[WORK TO COMPLETE]: With every picture left out, restate the listing below exactly as written.

[WORKING DATA]:
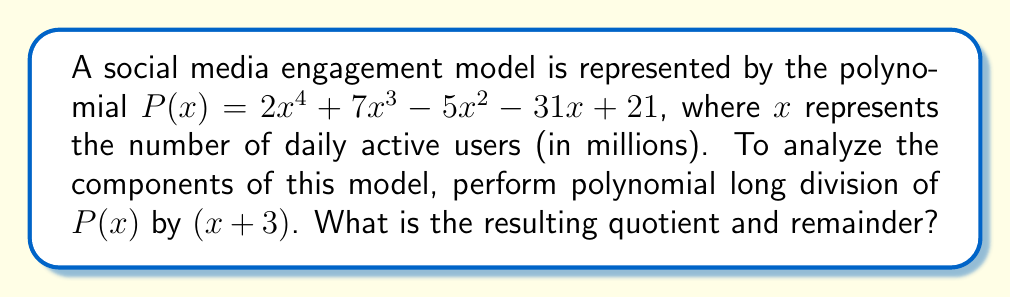Solve this math problem. Let's perform polynomial long division of $P(x)$ by $(x + 3)$:

$$
\begin{array}{r}
2x^3 + x^2 - 8x - 7 \\
x + 3 \enclose{longdiv}{2x^4 + 7x^3 - 5x^2 - 31x + 21} \\
\underline{2x^4 + 6x^3\phantom{xx}\:\:\:\:\:\:\:\:\:\:\:\:\:\:\:\:\:\:\:} \\
x^3 - 5x^2 - 31x + 21 \\
\underline{x^3 + 3x^2\phantom{xx}\:\:\:\:\:\:\:\:\:\:\:\:\:\:\:} \\
-8x^2 - 31x + 21 \\
\underline{-8x^2 - 24x\phantom{xx}\:\:\:\:\:\:} \\
-7x + 21 \\
\underline{-7x - 21} \\
42
\end{array}
$$

Step 1: Divide $2x^4$ by $x$ to get $2x^3$. Multiply $(x + 3)$ by $2x^3$ and subtract.
Step 2: Bring down the next term. Divide $x^3$ by $x$ to get $x^2$. Multiply $(x + 3)$ by $x^2$ and subtract.
Step 3: Bring down the next term. Divide $-8x^2$ by $x$ to get $-8x$. Multiply $(x + 3)$ by $-8x$ and subtract.
Step 4: Bring down the last term. Divide $-7x$ by $x$ to get $-7$. Multiply $(x + 3)$ by $-7$ and subtract.
Step 5: The process ends here as the degree of the remainder (42) is less than the degree of the divisor $(x + 3)$.

Therefore, the quotient is $2x^3 + x^2 - 8x - 7$ and the remainder is 42.
Answer: Quotient: $2x^3 + x^2 - 8x - 7$, Remainder: 42 
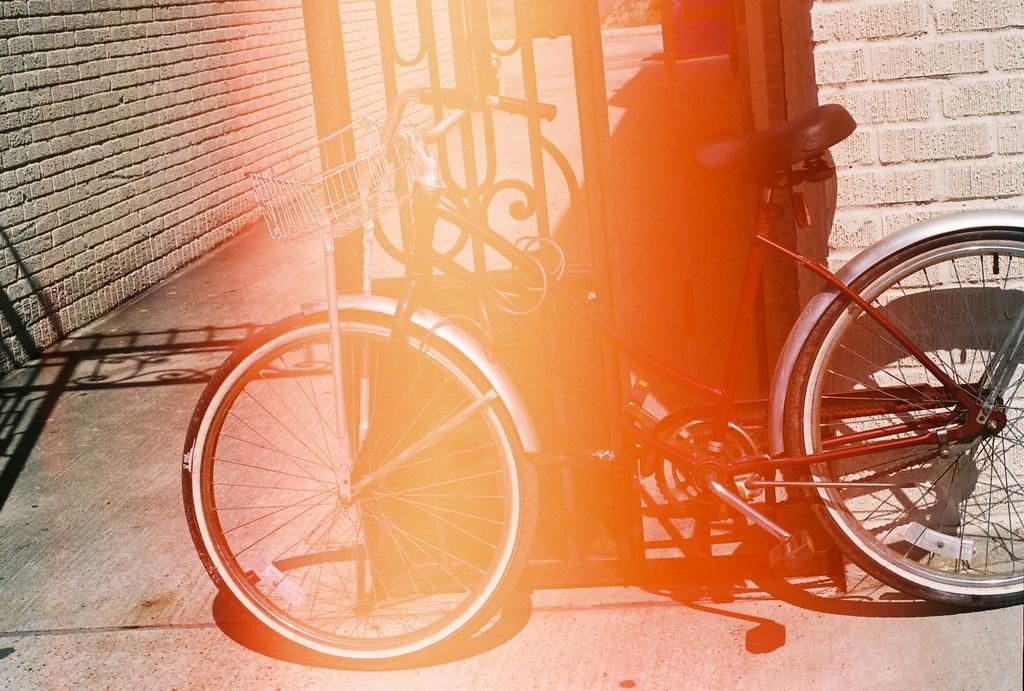What is the main object in the image? There is a bicycle in the image. Where is the bicycle located? The bicycle is parked on a pathway. What is the bicycle's proximity to a door? The bicycle is beside a door. What type of structure can be seen in the image? There is a wall in the image. What type of store is visible in the image? There is no store present in the image; it features a bicycle parked on a pathway beside a door and a wall. What date is marked on the calendar in the image? There is no calendar present in the image. 
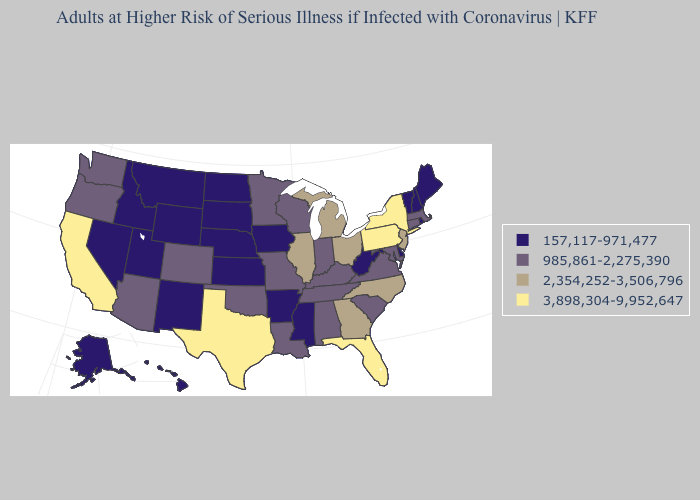What is the value of Virginia?
Give a very brief answer. 985,861-2,275,390. What is the highest value in the West ?
Answer briefly. 3,898,304-9,952,647. What is the lowest value in the USA?
Short answer required. 157,117-971,477. Does Vermont have the lowest value in the Northeast?
Give a very brief answer. Yes. What is the value of Florida?
Concise answer only. 3,898,304-9,952,647. Does Pennsylvania have the same value as California?
Answer briefly. Yes. Which states have the highest value in the USA?
Write a very short answer. California, Florida, New York, Pennsylvania, Texas. What is the lowest value in the USA?
Concise answer only. 157,117-971,477. What is the highest value in the USA?
Concise answer only. 3,898,304-9,952,647. What is the value of North Dakota?
Write a very short answer. 157,117-971,477. What is the value of Iowa?
Write a very short answer. 157,117-971,477. Which states hav the highest value in the West?
Write a very short answer. California. What is the value of South Dakota?
Answer briefly. 157,117-971,477. Among the states that border North Dakota , does Montana have the highest value?
Be succinct. No. Does the map have missing data?
Be succinct. No. 
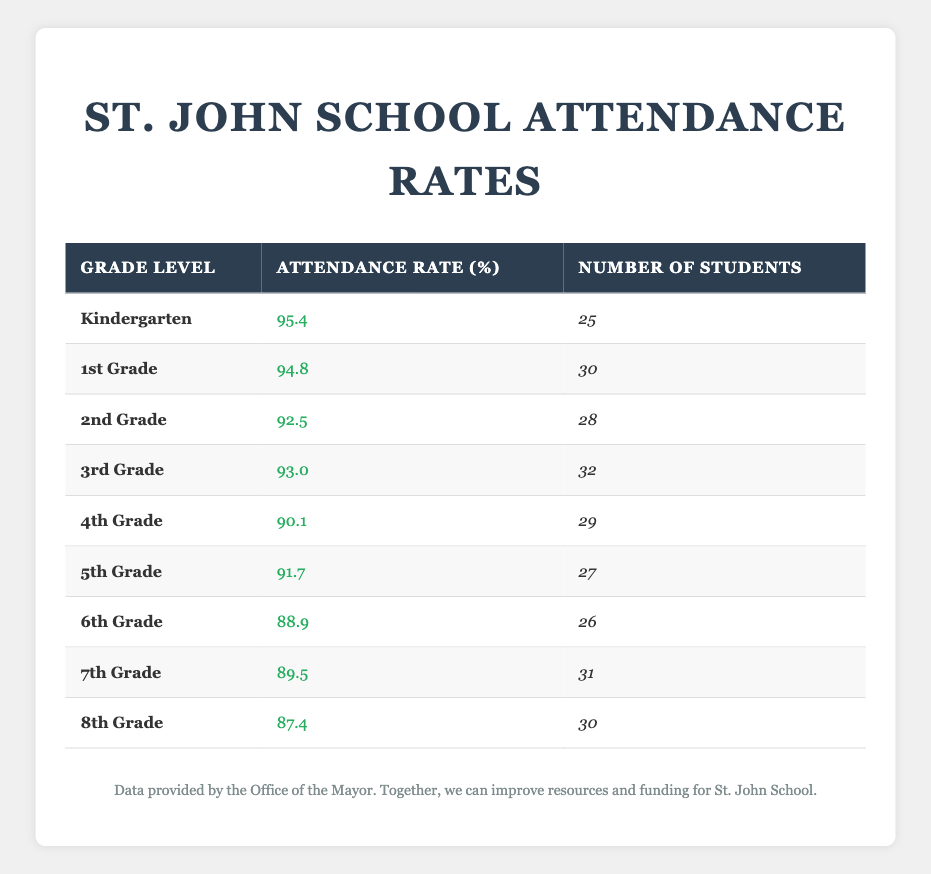What is the attendance rate for 4th Grade? The table lists the attendance rate for each grade, and for 4th Grade, the specified attendance rate is 90.1%.
Answer: 90.1% How many students are there in 2nd Grade? According to the table, the number of students in 2nd Grade is 28.
Answer: 28 Which grade has the highest attendance rate? After reviewing the attendance rates in the table, Kindergarten has the highest attendance rate at 95.4%.
Answer: Kindergarten What is the average attendance rate for grades 6th to 8th? To calculate the average attendance rate for grades 6th, 7th, and 8th, we add their rates (88.9 + 89.5 + 87.4 = 265.8) and divide by 3, resulting in an average of approximately 88.6%.
Answer: 88.6% Is the attendance rate for 5th Grade higher than 90%? The attendance rate for 5th Grade is 91.7%, which is greater than 90%. Therefore, the statement is true.
Answer: Yes How many total students are there from Kindergarten to 3rd Grade? The total number of students in Kindergarten (25), 1st Grade (30), 2nd Grade (28), and 3rd Grade (32) is calculated: 25 + 30 + 28 + 32 = 115.
Answer: 115 Which grade has the lowest attendance rate? Upon examining the table, the grade with the lowest attendance rate is 8th Grade at 87.4%.
Answer: 8th Grade What is the difference in attendance rates between 1st Grade and 3rd Grade? The attendance rate for 1st Grade is 94.8%, and for 3rd Grade, it is 93.0%. Subtracting these two rates gives 94.8 - 93.0 = 1.8%, indicating that 1st Grade has a higher rate by this amount.
Answer: 1.8% What percentage of students in 7th Grade attended school? The attendance rate for 7th Grade is 89.5%, which reflects the percentage of students who attended school.
Answer: 89.5% How does the attendance rate for 4th Grade compare to the average attendance rate of all grades? The attendance rate for 4th Grade is 90.1%. The average can be calculated by adding all attendance rates (95.4 + 94.8 + 92.5 + 93.0 + 90.1 + 91.7 + 88.9 + 89.5 + 87.4 =  91.0) and dividing by 9. Since 90.1 is less than 91.0, 4th Grade is below average.
Answer: Below average 
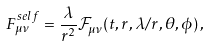Convert formula to latex. <formula><loc_0><loc_0><loc_500><loc_500>F _ { \mu \nu } ^ { s e l f } = \frac { \lambda } { r ^ { 2 } } \mathcal { F } _ { \mu \nu } ( t , r , \lambda / r , \theta , \phi ) \, ,</formula> 
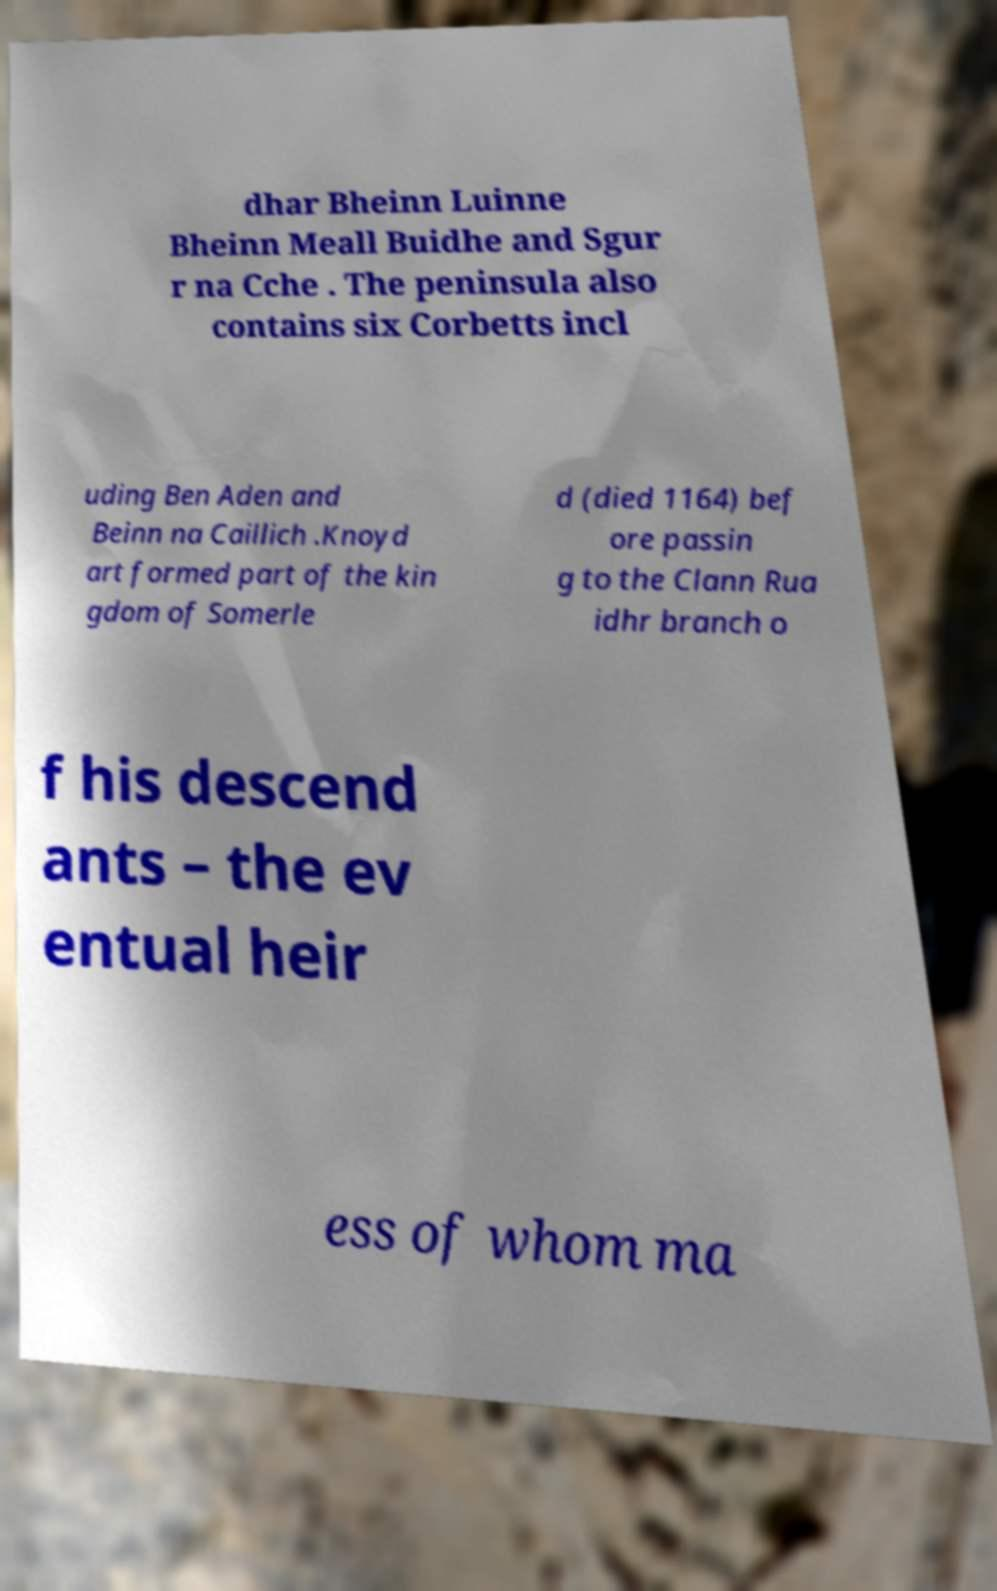Please read and relay the text visible in this image. What does it say? dhar Bheinn Luinne Bheinn Meall Buidhe and Sgur r na Cche . The peninsula also contains six Corbetts incl uding Ben Aden and Beinn na Caillich .Knoyd art formed part of the kin gdom of Somerle d (died 1164) bef ore passin g to the Clann Rua idhr branch o f his descend ants – the ev entual heir ess of whom ma 
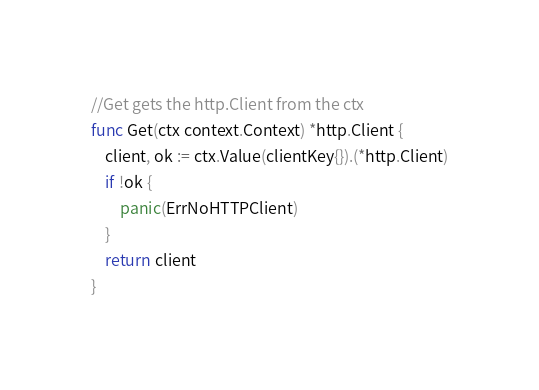<code> <loc_0><loc_0><loc_500><loc_500><_Go_>
//Get gets the http.Client from the ctx
func Get(ctx context.Context) *http.Client {
	client, ok := ctx.Value(clientKey{}).(*http.Client)
	if !ok {
		panic(ErrNoHTTPClient)
	}
	return client
}
</code> 
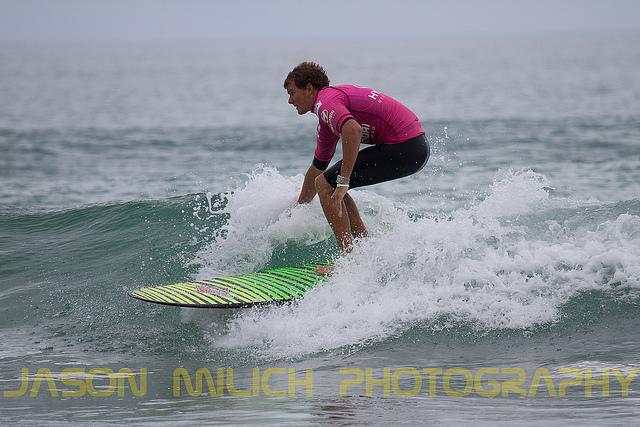What color are his shorts?
Be succinct. Black. What color is the board?
Keep it brief. Green and black. What pattern is on the surfboard?
Short answer required. Stripes. Is the man wearing a watch?
Short answer required. Yes. 
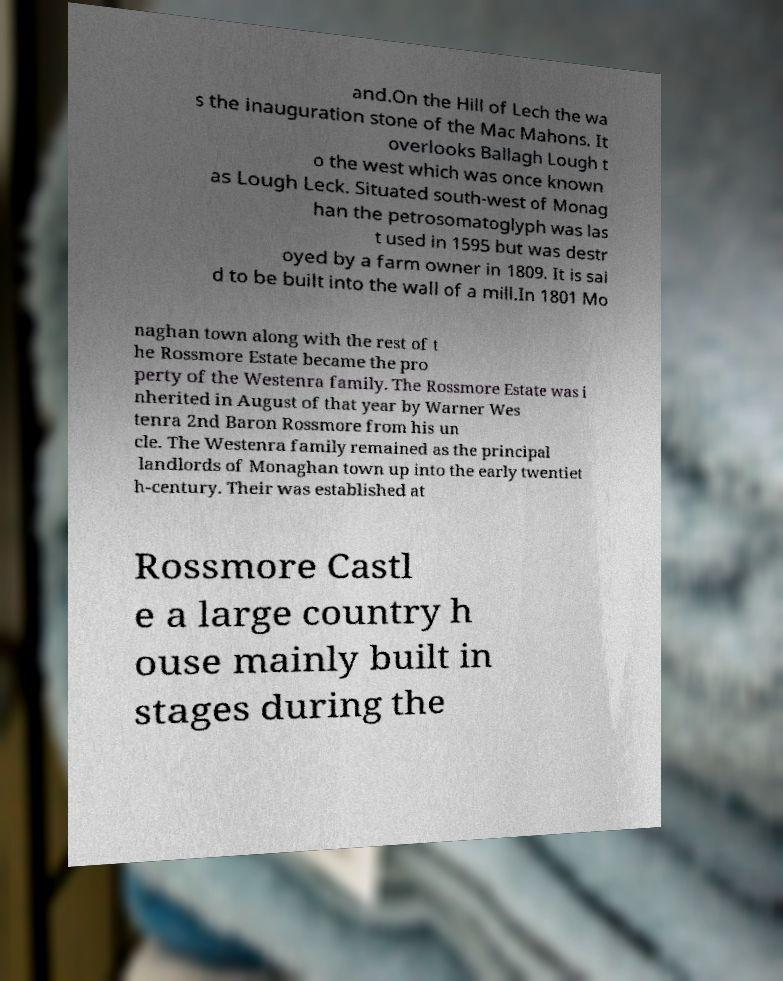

[RESULT]:
Solve this math problem. Let's perform polynomial long division of $P(x)$ by $(x + 3)$:

$$
\begin{array}{r}
2x^3 + x^2 - 8x - 7 \\
x + 3 \enclose{longdiv}{2x^4 + 7x^3 - 5x^2 - 31x + 21} \\
\underline{2x^4 + 6x^3\phantom{xx}\:\:\:\:\:\:\:\:\:\:\:\:\:\:\:\:\:\:\:} \\
x^3 - 5x^2 - 31x + 21 \\
\underline{x^3 + 3x^2\phantom{xx}\:\:\:\:\:\:\:\:\:\:\:\:\:\:\:} \\
-8x^2 - 31x + 21 \\
\underline{-8x^2 - 24x\phantom{xx}\:\:\:\:\:\:} \\
-7x + 21 \\
\underline{-7x - 21} \\
42
\end{array}
$$

Step 1: Divide $2x^4$ by $x$ to get $2x^3$. Multiply $(x + 3)$ by $2x^3$ and subtract.
Step 2: Bring down the next term. Divide $x^3$ by $x$ to get $x^2$. Multiply $(x + 3)$ by $x^2$ and subtract.
Step 3: Bring down the next term. Divide $-8x^2$ by $x$ to get $-8x$. Multiply $(x + 3)$ by $-8x$ and subtract.
Step 4: Bring down the last term. Divide $-7x$ by $x$ to get $-7$. Multiply $(x + 3)$ by $-7$ and subtract.
Step 5: The process ends here as the degree of the remainder (42) is less than the degree of the divisor $(x + 3)$.

Therefore, the quotient is $2x^3 + x^2 - 8x - 7$ and the remainder is 42.
Answer: Quotient: $2x^3 + x^2 - 8x - 7$, Remainder: 42 
What is the main object in the image? There is a bicycle in the image. Where is the bicycle located? The bicycle is parked on a pathway. What is the bicycle's proximity to a door? The bicycle is beside a door. What type of structure can be seen in the image? There is a wall in the image. What type of store is visible in the image? There is no store present in the image; it features a bicycle parked on a pathway beside a door and a wall. What date is marked on the calendar in the image? There is no calendar present in the image. 
What is the value of Virginia?
Give a very brief answer. 985,861-2,275,390. What is the highest value in the West ?
Answer briefly. 3,898,304-9,952,647. What is the lowest value in the USA?
Short answer required. 157,117-971,477. Does Vermont have the lowest value in the Northeast?
Give a very brief answer. Yes. What is the value of Florida?
Concise answer only. 3,898,304-9,952,647. Does Pennsylvania have the same value as California?
Answer briefly. Yes. Which states have the highest value in the USA?
Write a very short answer. California, Florida, New York, Pennsylvania, Texas. What is the lowest value in the USA?
Concise answer only. 157,117-971,477. What is the highest value in the USA?
Concise answer only. 3,898,304-9,952,647. What is the value of North Dakota?
Write a very short answer. 157,117-971,477. What is the value of Iowa?
Write a very short answer. 157,117-971,477. Which states hav the highest value in the West?
Write a very short answer. California. What is the value of South Dakota?
Answer briefly. 157,117-971,477. Among the states that border North Dakota , does Montana have the highest value?
Be succinct. No. Does the map have missing data?
Be succinct. No. 
What is the attendance rate for 4th Grade? The table lists the attendance rate for each grade, and for 4th Grade, the specified attendance rate is 90.1%.
Answer: 90.1% How many students are there in 2nd Grade? According to the table, the number of students in 2nd Grade is 28.
Answer: 28 Which grade has the highest attendance rate? After reviewing the attendance rates in the table, Kindergarten has the highest attendance rate at 95.4%.
Answer: Kindergarten What is the average attendance rate for grades 6th to 8th? To calculate the average attendance rate for grades 6th, 7th, and 8th, we add their rates (88.9 + 89.5 + 87.4 = 265.8) and divide by 3, resulting in an average of approximately 88.6%.
Answer: 88.6% Is the attendance rate for 5th Grade higher than 90%? The attendance rate for 5th Grade is 91.7%, which is greater than 90%. Therefore, the statement is true.
Answer: Yes How many total students are there from Kindergarten to 3rd Grade? The total number of students in Kindergarten (25), 1st Grade (30), 2nd Grade (28), and 3rd Grade (32) is calculated: 25 + 30 + 28 + 32 = 115.
Answer: 115 Which grade has the lowest attendance rate? Upon examining the table, the grade with the lowest attendance rate is 8th Grade at 87.4%.
Answer: 8th Grade What is the difference in attendance rates between 1st Grade and 3rd Grade? The attendance rate for 1st Grade is 94.8%, and for 3rd Grade, it is 93.0%. Subtracting these two rates gives 94.8 - 93.0 = 1.8%, indicating that 1st Grade has a higher rate by this amount.
Answer: 1.8% What percentage of students in 7th Grade attended school? The attendance rate for 7th Grade is 89.5%, which reflects the percentage of students who attended school.
Answer: 89.5% How does the attendance rate for 4th Grade compare to the average attendance rate of all grades? The attendance rate for 4th Grade is 90.1%. The average can be calculated by adding all attendance rates (95.4 + 94.8 + 92.5 + 93.0 + 90.1 + 91.7 + 88.9 + 89.5 + 87.4 =  91.0) and dividing by 9. Since 90.1 is less than 91.0, 4th Grade is below average.
Answer: Below average 
Convert formula to latex. <formula><loc_0><loc_0><loc_500><loc_500>F _ { \mu \nu } ^ { s e l f } = \frac { \lambda } { r ^ { 2 } } \mathcal { F } _ { \mu \nu } ( t , r , \lambda / r , \theta , \phi ) \, ,</formula> 
Please read and relay the text visible in this image. What does it say? dhar Bheinn Luinne Bheinn Meall Buidhe and Sgur r na Cche . The peninsula also contains six Corbetts incl uding Ben Aden and Beinn na Caillich .Knoyd art formed part of the kin gdom of Somerle d (died 1164) bef ore passin g to the Clann Rua idhr branch o f his descend ants – the ev entual heir ess of whom ma 
<code> <loc_0><loc_0><loc_500><loc_500><_Go_>
//Get gets the http.Client from the ctx
func Get(ctx context.Context) *http.Client {
	client, ok := ctx.Value(clientKey{}).(*http.Client)
	if !ok {
		panic(ErrNoHTTPClient)
	}
	return client
}
</code> 
What color are his shorts?
Be succinct. Black. What color is the board?
Keep it brief. Green and black. What pattern is on the surfboard?
Short answer required. Stripes. Is the man wearing a watch?
Short answer required. Yes. 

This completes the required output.